Bitter
- First edition
- Author: Akwaeke Emezi
- Cover artist: Shyama Golden
- Language: English
- Genre: Young adult novel
- Publisher: Knopf/Random House Children's Books
- Publication date: 15 February 2022
- Publication place: Nigeria
- Pages: 272
- ISBN: 978-0-593-30903-2
- Followed by: Pet
- Website: www.akwaeke.com/bitter

= Bitter (novel) =

2022 young adult novel by Akwaeke Emezi

Bitter is a young adult novel written by Nigerian writer Akwaeke Emezi and published by Knopf on 15 February 2022. A prequel to Emezi's Pet, Bitter tells the story of a Black teenage girl living in a city troubled by constant protests and violence.

== Plot ==
Bitter spent a majority of her youth in foster care. She was very thrilled when she was chosen to join Eucalyptus, a special school where she can focus on her painting while being surrounded by other exceptional kids. The regular social justice protests in the streets outside her school, on the other hand, give her concern. She escapes by drawing animals and bringing them to life. This hidden painting world allows her to escape reality, until one of her creatures develops venom and becomes violent. Bitter must do everything she can to stop the monster she made.

== Background ==
When Emezi first began writing Pet in 2017, they had planned for it to be part of a trilogy but eventually gave up on the idea. For Bitter, Emezi "wanted to write about revolution but community" and how people who might want to help don't necessarily need to be in the forefront.

== Reception ==
Kirkus Reviews gave the book a starred review, in which they highlight the "timely tension" present in Emezi's writing as the characters must decide "when and how to act in the face of unjustifiable state violence, among other societal atrocities." In addition, the reviewer noted how the various queer characters "receive love and support" from those around them. Publishers Weekly praised the characters, especially due to having "the agency to define the future for themselves and their city." They also called the main character, Bitter, "all the more memorable for her complexity."

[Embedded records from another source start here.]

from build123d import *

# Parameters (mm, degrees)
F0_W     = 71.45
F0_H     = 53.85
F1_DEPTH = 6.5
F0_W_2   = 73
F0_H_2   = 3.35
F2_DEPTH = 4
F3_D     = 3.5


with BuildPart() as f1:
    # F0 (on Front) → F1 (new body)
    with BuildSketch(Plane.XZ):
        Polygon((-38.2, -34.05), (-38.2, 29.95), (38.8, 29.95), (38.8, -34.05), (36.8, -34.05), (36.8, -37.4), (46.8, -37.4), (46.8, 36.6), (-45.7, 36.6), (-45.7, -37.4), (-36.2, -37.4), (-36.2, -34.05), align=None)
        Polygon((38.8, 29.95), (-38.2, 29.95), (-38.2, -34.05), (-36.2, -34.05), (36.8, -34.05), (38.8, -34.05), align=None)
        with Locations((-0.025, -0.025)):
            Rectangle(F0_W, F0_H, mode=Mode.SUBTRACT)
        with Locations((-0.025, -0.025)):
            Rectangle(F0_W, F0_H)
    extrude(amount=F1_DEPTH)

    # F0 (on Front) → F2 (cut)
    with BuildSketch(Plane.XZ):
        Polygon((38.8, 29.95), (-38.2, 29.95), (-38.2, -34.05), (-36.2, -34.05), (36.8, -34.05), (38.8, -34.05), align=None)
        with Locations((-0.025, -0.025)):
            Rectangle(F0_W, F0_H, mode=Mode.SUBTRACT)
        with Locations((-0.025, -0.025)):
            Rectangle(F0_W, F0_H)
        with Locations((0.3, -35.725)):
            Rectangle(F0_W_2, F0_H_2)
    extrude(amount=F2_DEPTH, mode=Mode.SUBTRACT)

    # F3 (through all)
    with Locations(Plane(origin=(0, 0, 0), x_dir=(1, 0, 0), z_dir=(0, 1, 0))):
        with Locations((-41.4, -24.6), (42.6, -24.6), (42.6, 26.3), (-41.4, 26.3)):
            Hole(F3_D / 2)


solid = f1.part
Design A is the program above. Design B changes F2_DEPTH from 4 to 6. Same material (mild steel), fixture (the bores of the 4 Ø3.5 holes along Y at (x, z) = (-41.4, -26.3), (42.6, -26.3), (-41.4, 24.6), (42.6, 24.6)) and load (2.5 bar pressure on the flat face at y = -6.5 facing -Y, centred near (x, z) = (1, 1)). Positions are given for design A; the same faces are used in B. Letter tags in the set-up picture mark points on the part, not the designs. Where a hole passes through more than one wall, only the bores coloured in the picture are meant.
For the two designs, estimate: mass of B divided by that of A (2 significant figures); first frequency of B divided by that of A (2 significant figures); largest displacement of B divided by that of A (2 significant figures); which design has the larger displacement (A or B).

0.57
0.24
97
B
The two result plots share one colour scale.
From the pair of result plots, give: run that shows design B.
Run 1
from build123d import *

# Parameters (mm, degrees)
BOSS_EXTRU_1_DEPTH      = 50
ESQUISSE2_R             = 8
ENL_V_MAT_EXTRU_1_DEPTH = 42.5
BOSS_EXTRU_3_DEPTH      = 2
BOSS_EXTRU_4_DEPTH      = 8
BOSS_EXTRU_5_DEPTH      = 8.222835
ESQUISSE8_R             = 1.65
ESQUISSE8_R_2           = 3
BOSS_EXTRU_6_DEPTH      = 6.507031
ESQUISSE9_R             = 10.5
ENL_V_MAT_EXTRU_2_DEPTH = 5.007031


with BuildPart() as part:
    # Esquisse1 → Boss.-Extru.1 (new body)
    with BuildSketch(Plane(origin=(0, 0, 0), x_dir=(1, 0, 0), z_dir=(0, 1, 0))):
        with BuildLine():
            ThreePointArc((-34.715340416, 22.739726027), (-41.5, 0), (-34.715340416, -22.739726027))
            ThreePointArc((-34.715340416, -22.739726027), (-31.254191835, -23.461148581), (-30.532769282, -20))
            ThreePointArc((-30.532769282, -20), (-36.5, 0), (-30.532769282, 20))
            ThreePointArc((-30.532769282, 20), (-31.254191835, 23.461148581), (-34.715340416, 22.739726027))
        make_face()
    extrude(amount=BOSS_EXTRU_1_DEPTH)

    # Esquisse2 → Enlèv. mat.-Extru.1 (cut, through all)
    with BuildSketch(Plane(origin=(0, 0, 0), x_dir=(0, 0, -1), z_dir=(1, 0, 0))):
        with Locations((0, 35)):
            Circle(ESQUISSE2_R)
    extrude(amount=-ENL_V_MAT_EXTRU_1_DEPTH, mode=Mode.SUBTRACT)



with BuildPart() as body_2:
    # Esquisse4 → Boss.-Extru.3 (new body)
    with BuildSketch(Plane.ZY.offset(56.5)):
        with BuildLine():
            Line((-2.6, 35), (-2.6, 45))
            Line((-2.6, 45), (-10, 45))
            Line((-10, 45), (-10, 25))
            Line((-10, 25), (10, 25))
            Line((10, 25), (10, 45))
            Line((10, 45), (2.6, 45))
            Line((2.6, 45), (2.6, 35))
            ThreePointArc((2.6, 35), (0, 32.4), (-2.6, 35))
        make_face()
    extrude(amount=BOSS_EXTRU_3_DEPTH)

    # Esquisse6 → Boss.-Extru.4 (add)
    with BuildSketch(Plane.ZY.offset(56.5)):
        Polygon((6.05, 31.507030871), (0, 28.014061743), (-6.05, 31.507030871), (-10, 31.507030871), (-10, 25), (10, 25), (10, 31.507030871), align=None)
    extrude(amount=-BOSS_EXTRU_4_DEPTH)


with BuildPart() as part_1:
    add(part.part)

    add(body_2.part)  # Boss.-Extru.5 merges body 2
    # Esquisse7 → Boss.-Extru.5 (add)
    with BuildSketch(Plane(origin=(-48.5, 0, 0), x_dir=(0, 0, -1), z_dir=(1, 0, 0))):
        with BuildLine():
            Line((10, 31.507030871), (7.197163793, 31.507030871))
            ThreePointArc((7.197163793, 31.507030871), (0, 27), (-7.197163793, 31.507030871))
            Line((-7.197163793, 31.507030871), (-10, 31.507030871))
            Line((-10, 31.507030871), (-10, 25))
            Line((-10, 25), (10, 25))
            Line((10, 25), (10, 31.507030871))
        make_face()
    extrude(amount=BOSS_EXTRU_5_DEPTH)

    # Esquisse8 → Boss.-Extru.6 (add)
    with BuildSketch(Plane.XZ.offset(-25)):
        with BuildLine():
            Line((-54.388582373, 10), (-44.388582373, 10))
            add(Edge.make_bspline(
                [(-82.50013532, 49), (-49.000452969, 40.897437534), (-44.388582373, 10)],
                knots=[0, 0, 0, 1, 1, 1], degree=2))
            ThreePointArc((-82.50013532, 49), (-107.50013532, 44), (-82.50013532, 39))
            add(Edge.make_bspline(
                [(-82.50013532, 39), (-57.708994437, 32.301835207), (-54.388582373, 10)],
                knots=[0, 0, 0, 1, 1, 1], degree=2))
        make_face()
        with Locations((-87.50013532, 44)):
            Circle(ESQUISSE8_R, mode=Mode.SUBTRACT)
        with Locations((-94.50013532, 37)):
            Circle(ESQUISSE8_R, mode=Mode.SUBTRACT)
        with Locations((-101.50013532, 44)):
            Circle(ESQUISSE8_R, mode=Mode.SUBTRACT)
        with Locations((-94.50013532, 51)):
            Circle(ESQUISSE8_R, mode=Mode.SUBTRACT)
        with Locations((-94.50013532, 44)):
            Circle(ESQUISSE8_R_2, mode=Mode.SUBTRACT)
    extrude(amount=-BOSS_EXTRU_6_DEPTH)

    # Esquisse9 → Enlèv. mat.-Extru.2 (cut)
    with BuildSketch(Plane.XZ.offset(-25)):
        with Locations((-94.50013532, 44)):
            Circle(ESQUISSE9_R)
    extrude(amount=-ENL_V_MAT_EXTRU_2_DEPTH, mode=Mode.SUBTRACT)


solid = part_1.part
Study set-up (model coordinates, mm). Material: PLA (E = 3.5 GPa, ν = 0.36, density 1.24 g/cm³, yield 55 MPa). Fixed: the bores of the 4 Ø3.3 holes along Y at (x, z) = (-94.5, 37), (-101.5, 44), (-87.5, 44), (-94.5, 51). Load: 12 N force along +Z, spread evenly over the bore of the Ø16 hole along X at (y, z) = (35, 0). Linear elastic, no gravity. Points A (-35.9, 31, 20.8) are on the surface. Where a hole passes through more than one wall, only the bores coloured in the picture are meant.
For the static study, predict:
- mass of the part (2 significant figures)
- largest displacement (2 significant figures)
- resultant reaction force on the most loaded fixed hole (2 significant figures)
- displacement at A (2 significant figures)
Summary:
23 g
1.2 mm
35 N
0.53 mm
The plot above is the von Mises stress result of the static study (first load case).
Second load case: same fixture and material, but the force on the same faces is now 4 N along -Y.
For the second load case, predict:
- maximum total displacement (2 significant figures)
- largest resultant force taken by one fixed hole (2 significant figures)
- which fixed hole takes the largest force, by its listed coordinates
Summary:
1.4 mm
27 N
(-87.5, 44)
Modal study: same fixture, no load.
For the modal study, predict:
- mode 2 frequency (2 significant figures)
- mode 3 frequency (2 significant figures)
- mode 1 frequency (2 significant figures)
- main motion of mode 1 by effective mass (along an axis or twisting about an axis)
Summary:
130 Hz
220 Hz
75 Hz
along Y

Natalie Berglind, who reviewed for The Bulletin of the Center for Children's Books, called the novel timely due to "its mostly Black cast and escalating protests against an unjust world." Berglind also noted how it attempts to tackle the subject of using violence as "the means of disrupting long held power dynamics" and how the author does not provide an answer to related questions but instead hopes to provoke "thoughtful discussion." They conclude by saying "the ending is abrupt" but "offers tempered optimism to the teen who [...] feels immense frustration with a world unconcerned about their future."

Susan Harari, writing for Massachusetts' Youth Services Book Review, gives it 5 stars (out of 5) and recommends the book to "Readers who can appreciate Emezi’s subtlety and will be satisfied exploring questions with no easy answers;" she also suggested high schools and public libraries acquire the book.